![Notes for Week 9 Anomaly Detection](/assets/img/machine_learning/anomaly_detection.jpg)
Notes for Week 9 Anomaly Detection
这篇文章是我对Coursera上的课程Machine Learning 的总结,第九周前半部分有关Anomaly Detection的内容。该课程由著名的机器学习专家Andrew Ng授课,是非常适合入门机器学习的课程。

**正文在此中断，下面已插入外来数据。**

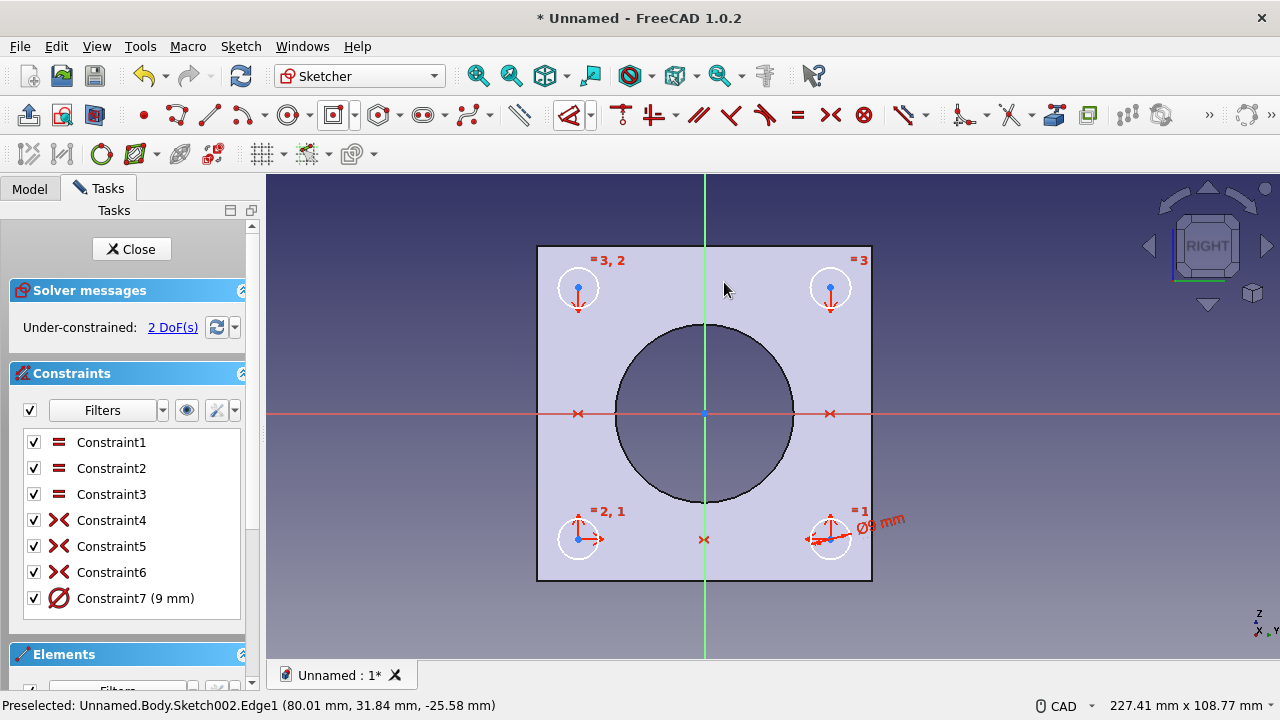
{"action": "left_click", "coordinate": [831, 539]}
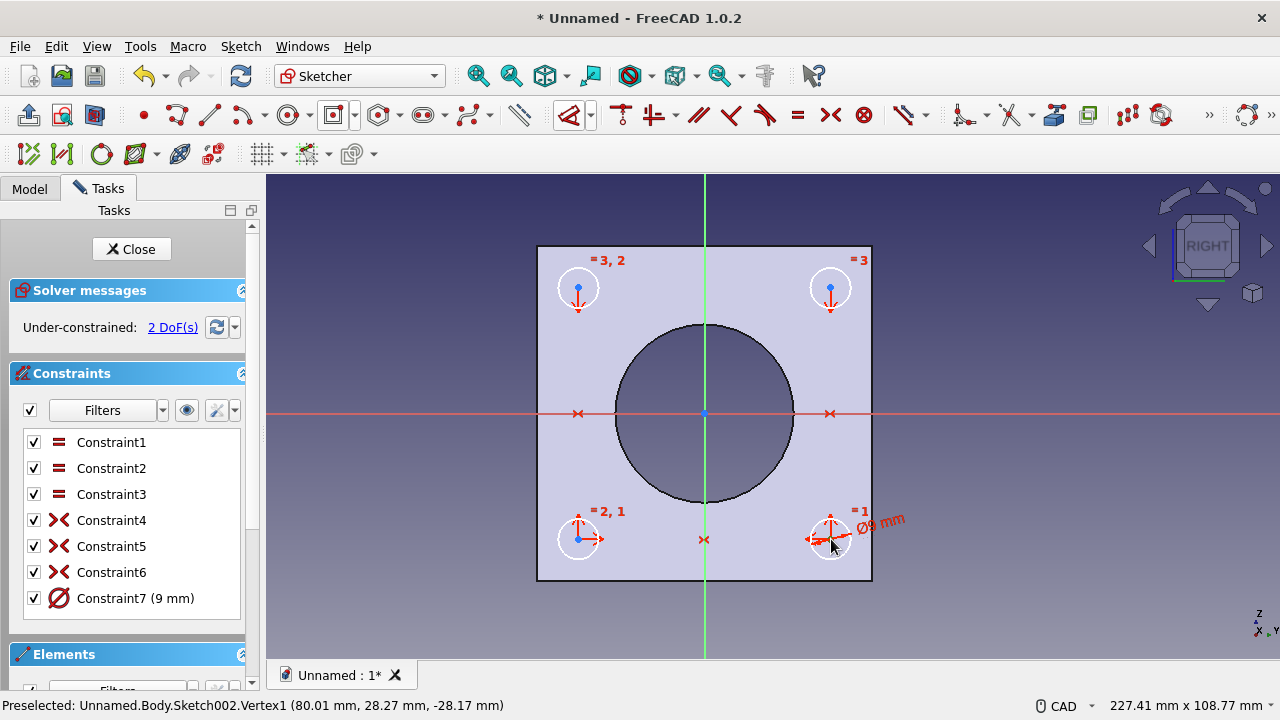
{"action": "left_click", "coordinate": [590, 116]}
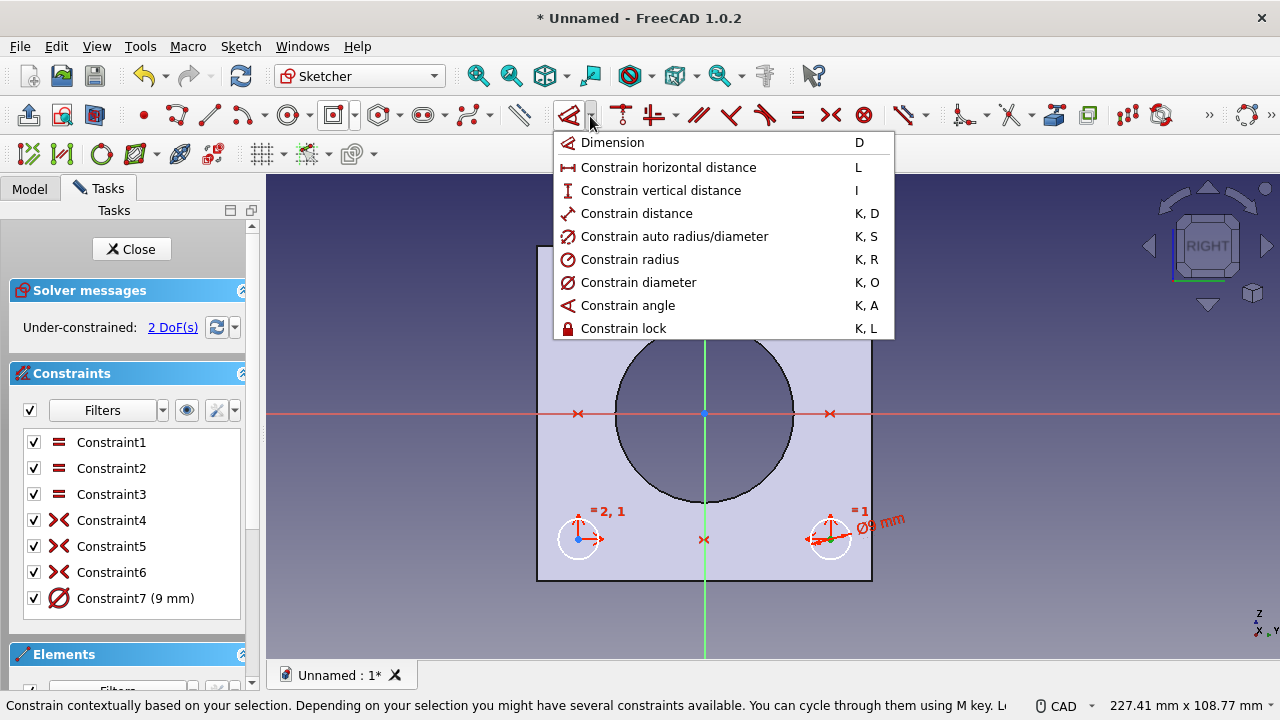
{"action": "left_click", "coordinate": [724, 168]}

Notes for Week 9 Anomaly Detection
@(读书笔记)[Machine Learning]
Anomaly Detection
- 主要应用于Unsupervised learning,但同时也用到了Supervised learning中的一些方法。
- 数据集通常是unlabelled。
- 常用的方法是密度分析(Density estimation):
- 使用数据集$ {x^{(1)},x^{(2)},\dots.x^{(m)}} $训练出一个model $ p(x) $
- 当$ p(x_{test}) < \epsilon $时,则将$ x_{test} $标记为anomaly;$ p(x_{test}) \geq \epsilon $时,则将$ x_{test} $标记为non-anomaly
- 后文中使用到的方法就是密度分析(Density estimation)。
Gaussian (Normal) Distribution
- $ x \backsim \mathcal{N}(\mu,\sigma^2) $表示$ x $服从参数为$ \mu,\sigma^2 $的高斯分布。
- $ \mu $表示均值(mean),$ \sigma^2 $表示方差(variance)。
- 高斯分布的方程:$ p(x;\mu,\sigma^2) = \frac{1}{\sqrt{2\pi}\sigma}\mathrm{exp}(-\frac{(x-\mu)^2}{2\sigma^2}) $
Parameter estimation
通常在给定数据集时,我们并不知道$ {x^{(1)},x^{(2)},\dots.x^{(m)}} \space x^{(i)} \in \mathbb{R} $服从怎样的高斯分布(即不知道参数$ \mu $和参数$ \sigma^2 $)。可以通过以下公式计算(根据极大似然定理maximum likelihood):
[\mu = \frac{1}{m}\sum_{i=1}^mx^{(i)}]
[\sigma^2 = \frac{1}{m}\sum_{i=1}^m(x^{(i)} - \mu)^2]
Algorithm
假设我们有大小为$ m $的数据集$ {x^{(1)},x^{(2)},\dots.x^{(m)}} \space x^{(i)} \in \mathbb{R} $,总共$ n $个特征$ x_1,x_2,\dots,x_n $,model $ p(x) $的计算方法是:
[p(x) = p(x_1;\mu_1,\sigma_1^2)p(x_2;\mu_2,\sigma_2^2)p(x_3;\mu_3,\sigma_3^2)\dots p(x_n;\mu_n,\sigma_n^2)]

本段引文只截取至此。